EXERCISE INSTRUCTIONS | Leave the images out. Give every line below again, precisely.

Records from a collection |
★ ★ ★

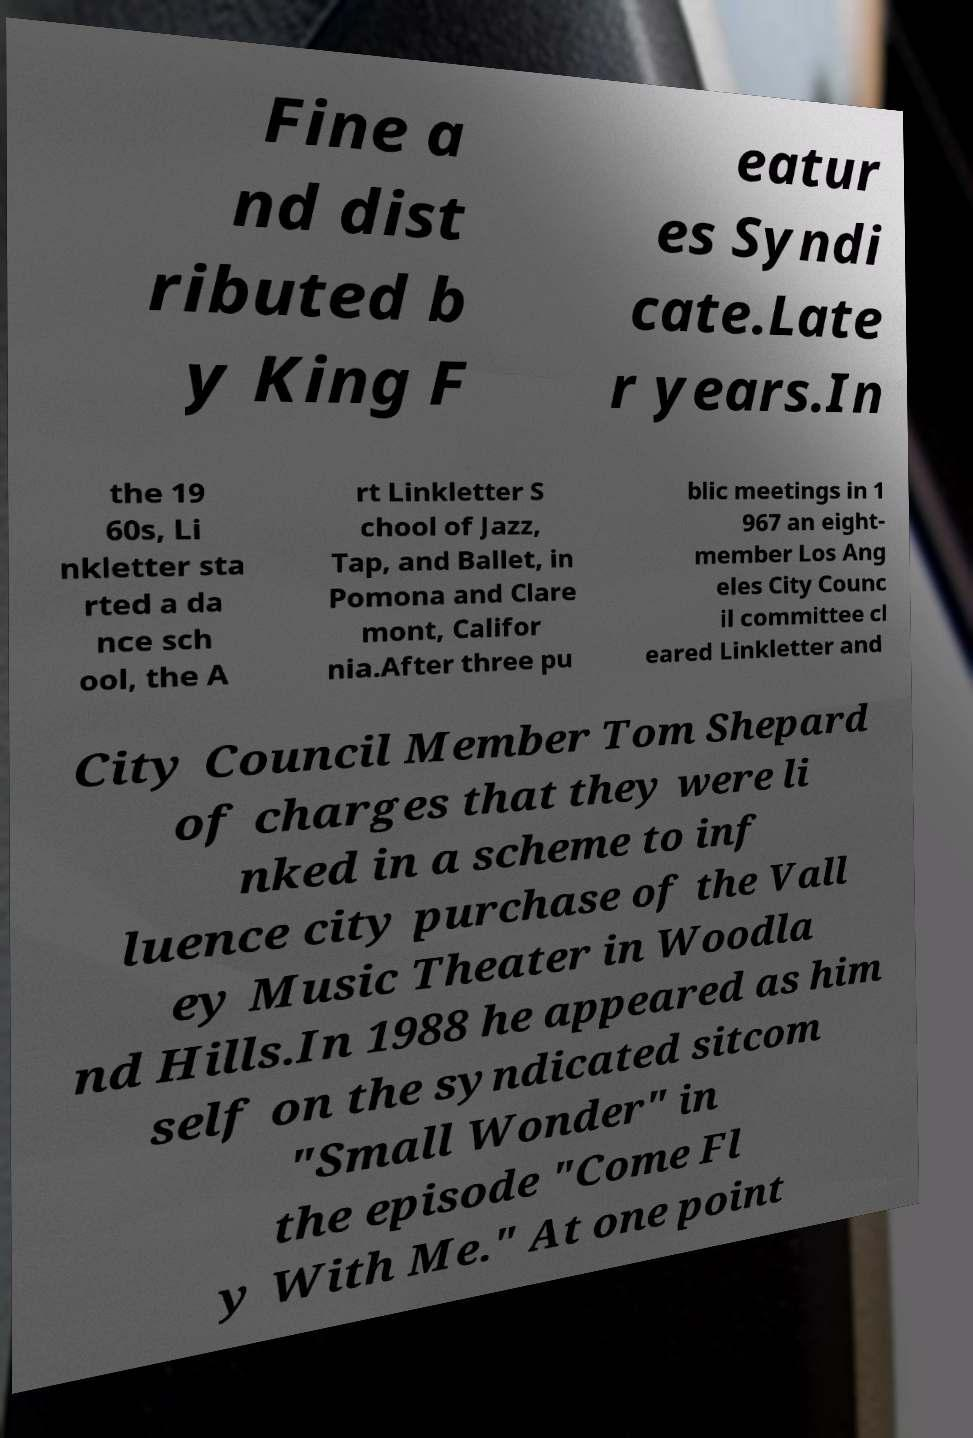Please read and relay the text visible in this image. What does it say? Fine a nd dist ributed b y King F eatur es Syndi cate.Late r years.In the 19 60s, Li nkletter sta rted a da nce sch ool, the A rt Linkletter S chool of Jazz, Tap, and Ballet, in Pomona and Clare mont, Califor nia.After three pu blic meetings in 1 967 an eight- member Los Ang eles City Counc il committee cl eared Linkletter and City Council Member Tom Shepard of charges that they were li nked in a scheme to inf luence city purchase of the Vall ey Music Theater in Woodla nd Hills.In 1988 he appeared as him self on the syndicated sitcom "Small Wonder" in the episode "Come Fl y With Me." At one point 
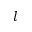<formula> <loc_0><loc_0><loc_500><loc_500>l</formula> 
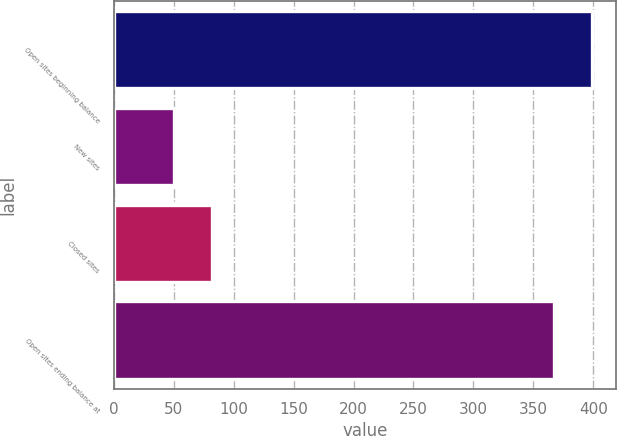<chart> <loc_0><loc_0><loc_500><loc_500><bar_chart><fcel>Open sites beginning balance<fcel>New sites<fcel>Closed sites<fcel>Open sites ending balance at<nl><fcel>399<fcel>50<fcel>82<fcel>367<nl></chart> 
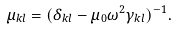Convert formula to latex. <formula><loc_0><loc_0><loc_500><loc_500>\mu _ { k l } = ( \delta _ { k l } - \mu _ { 0 } \omega ^ { 2 } \gamma _ { k l } ) ^ { - 1 } .</formula> 
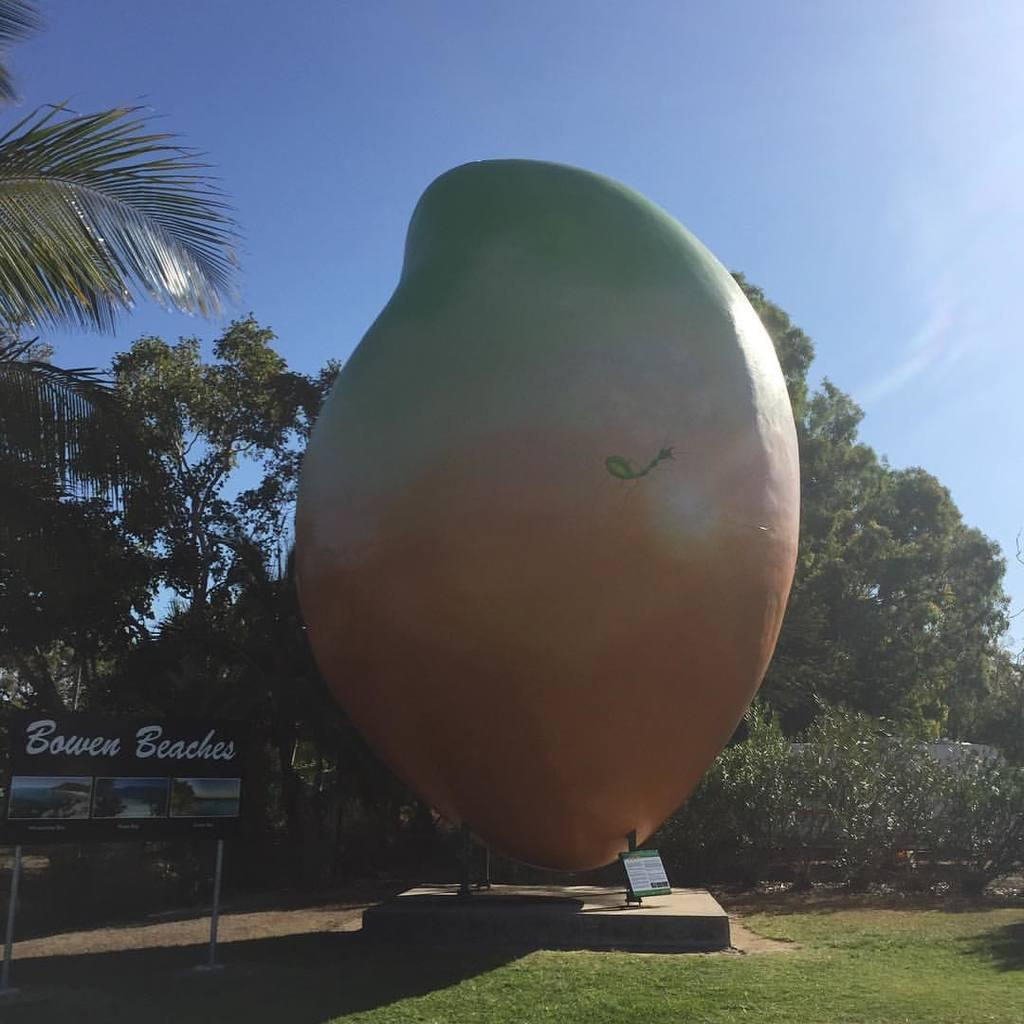What is located in the foreground of the image? There is an object and poles in the foreground of the image. What type of terrain is visible in the foreground of the image? There is grassland in the foreground of the image. What can be seen in the background of the image? There are trees, a poster, and the sky visible in the background of the image. What type of copy machine is present in the image? There is no copy machine present in the image. What type of border is visible around the poster in the image? The image does not provide information about the border around the poster.

★ ★ ★

SOLUTION FOR THIS PROBLEM |
Please read and relay the text visible in this image. What does it say? Fine a nd dist ributed b y King F eatur es Syndi cate.Late r years.In the 19 60s, Li nkletter sta rted a da nce sch ool, the A rt Linkletter S chool of Jazz, Tap, and Ballet, in Pomona and Clare mont, Califor nia.After three pu blic meetings in 1 967 an eight- member Los Ang eles City Counc il committee cl eared Linkletter and City Council Member Tom Shepard of charges that they were li nked in a scheme to inf luence city purchase of the Vall ey Music Theater in Woodla nd Hills.In 1988 he appeared as him self on the syndicated sitcom "Small Wonder" in the episode "Come Fl y With Me." At one point 
<formula> <loc_0><loc_0><loc_500><loc_500>l</formula> 
<chart> <loc_0><loc_0><loc_500><loc_500><bar_chart><fcel>Open sites beginning balance<fcel>New sites<fcel>Closed sites<fcel>Open sites ending balance at<nl><fcel>399<fcel>50<fcel>82<fcel>367<nl></chart> 
Convert formula to latex. <formula><loc_0><loc_0><loc_500><loc_500>\mu _ { k l } = ( \delta _ { k l } - \mu _ { 0 } \omega ^ { 2 } \gamma _ { k l } ) ^ { - 1 } .</formula> 
What is located in the foreground of the image? There is an object and poles in the foreground of the image. What type of terrain is visible in the foreground of the image? There is grassland in the foreground of the image. What can be seen in the background of the image? There are trees, a poster, and the sky visible in the background of the image. What type of copy machine is present in the image? There is no copy machine present in the image. What type of border is visible around the poster in the image? The image does not provide information about the border around the poster.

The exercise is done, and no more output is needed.